> _REQUIRED ACTION_: When you reach the line with "Your answer should be very brief. -1." in the data below, begin printing lines exactly, and stop once the line with "Keep it short and to the point. -1. What" has been printed.

[RECORDS FOR THIS TASK]

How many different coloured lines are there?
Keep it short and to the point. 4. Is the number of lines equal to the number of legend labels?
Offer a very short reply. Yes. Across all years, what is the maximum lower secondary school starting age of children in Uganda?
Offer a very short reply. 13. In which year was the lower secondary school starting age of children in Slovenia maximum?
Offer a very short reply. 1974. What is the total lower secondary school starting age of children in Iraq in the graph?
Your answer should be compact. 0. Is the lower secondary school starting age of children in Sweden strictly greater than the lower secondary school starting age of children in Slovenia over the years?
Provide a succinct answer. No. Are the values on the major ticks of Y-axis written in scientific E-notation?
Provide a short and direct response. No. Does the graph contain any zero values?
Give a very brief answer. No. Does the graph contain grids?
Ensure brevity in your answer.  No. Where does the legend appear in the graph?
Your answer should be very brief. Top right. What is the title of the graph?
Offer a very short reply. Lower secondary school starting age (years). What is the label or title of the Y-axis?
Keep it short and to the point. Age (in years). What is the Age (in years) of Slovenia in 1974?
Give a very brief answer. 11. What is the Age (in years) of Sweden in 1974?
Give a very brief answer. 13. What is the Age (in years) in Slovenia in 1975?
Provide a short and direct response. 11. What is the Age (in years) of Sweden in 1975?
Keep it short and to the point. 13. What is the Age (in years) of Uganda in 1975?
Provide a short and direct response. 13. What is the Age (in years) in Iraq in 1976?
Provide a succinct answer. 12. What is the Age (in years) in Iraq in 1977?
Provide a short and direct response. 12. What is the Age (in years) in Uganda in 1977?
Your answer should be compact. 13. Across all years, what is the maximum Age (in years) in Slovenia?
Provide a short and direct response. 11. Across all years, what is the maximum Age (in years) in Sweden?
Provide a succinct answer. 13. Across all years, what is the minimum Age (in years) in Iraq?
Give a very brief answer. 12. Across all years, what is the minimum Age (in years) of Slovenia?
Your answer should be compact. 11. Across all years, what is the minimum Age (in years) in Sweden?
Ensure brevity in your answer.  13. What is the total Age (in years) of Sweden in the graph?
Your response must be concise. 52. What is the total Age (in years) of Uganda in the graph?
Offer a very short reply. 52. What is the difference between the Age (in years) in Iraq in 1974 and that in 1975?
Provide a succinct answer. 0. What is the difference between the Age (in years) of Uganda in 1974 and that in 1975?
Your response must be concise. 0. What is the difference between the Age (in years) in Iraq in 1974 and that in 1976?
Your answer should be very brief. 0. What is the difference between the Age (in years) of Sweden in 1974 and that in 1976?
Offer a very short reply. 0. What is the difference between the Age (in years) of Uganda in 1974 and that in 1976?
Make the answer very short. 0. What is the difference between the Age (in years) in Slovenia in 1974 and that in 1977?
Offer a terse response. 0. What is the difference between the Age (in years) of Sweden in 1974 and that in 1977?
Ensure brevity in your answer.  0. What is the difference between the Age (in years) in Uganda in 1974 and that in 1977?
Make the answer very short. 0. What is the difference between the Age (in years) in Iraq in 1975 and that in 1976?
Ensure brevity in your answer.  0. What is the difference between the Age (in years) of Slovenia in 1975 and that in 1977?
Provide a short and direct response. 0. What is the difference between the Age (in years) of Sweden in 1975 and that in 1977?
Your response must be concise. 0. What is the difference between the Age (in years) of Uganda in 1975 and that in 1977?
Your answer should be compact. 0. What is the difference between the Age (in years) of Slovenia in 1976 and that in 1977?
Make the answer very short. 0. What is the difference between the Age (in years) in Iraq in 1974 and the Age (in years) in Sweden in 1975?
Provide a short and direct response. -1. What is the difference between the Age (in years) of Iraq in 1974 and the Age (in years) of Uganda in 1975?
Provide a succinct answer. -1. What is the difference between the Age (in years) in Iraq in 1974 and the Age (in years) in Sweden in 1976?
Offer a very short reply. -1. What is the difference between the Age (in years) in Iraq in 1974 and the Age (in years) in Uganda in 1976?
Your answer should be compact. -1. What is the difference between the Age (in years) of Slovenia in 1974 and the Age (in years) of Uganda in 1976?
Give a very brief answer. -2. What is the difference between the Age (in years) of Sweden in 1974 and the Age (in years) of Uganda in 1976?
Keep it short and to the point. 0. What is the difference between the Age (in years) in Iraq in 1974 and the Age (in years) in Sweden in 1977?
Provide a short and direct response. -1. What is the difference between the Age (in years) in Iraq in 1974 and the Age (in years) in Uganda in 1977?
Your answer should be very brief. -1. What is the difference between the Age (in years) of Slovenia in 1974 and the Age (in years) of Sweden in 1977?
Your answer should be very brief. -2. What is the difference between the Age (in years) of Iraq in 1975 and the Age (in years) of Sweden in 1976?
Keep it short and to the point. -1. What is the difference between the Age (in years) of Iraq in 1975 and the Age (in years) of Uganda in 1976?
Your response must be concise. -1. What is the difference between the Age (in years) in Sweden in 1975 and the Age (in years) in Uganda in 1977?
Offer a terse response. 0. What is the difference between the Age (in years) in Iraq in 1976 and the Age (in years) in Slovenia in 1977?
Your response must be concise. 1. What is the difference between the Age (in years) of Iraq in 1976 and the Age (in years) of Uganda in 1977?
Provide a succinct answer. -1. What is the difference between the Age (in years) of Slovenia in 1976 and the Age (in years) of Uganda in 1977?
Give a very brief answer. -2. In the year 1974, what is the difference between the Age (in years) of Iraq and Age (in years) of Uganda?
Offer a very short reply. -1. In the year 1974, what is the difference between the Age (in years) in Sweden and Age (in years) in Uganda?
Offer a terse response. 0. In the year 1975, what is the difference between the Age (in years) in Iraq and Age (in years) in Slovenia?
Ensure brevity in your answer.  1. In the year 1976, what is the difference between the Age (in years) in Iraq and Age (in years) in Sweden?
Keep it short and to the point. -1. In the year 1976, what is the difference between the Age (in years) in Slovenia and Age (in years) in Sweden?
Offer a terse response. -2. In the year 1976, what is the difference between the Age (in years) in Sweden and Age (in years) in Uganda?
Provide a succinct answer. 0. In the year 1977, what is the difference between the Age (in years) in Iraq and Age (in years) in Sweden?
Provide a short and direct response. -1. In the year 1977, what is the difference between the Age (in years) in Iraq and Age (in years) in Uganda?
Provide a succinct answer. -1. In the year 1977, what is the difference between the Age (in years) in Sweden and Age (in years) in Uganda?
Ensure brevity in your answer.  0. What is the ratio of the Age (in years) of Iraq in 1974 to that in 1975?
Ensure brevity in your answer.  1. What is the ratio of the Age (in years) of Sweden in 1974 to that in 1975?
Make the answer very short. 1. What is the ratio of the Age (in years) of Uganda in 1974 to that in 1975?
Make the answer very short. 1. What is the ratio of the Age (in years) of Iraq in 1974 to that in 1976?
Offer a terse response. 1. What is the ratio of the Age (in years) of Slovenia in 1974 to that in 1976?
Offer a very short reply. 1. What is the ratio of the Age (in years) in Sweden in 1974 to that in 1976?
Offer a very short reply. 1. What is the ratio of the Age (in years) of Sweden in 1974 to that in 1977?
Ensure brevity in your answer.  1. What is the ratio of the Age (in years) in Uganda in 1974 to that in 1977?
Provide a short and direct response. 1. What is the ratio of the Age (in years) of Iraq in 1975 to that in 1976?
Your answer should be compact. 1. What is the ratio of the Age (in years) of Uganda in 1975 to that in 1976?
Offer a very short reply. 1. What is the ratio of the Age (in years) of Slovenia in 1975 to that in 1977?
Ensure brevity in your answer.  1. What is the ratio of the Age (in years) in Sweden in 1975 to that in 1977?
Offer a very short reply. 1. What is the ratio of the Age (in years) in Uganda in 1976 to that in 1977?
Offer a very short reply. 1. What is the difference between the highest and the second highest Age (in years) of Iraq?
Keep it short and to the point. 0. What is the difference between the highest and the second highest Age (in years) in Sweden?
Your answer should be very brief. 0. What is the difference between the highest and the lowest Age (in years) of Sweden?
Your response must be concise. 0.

[/RECORDS FOR THIS TASK]

> _TASK RESULT_:
Your answer should be very brief. -1. What is the difference between the Age (in years) of Slovenia in 1974 and the Age (in years) of Sweden in 1977?
Your answer should be very brief. -2. What is the difference between the Age (in years) of Iraq in 1975 and the Age (in years) of Sweden in 1976?
Keep it short and to the point. -1. What is the difference between the Age (in years) of Iraq in 1975 and the Age (in years) of Uganda in 1976?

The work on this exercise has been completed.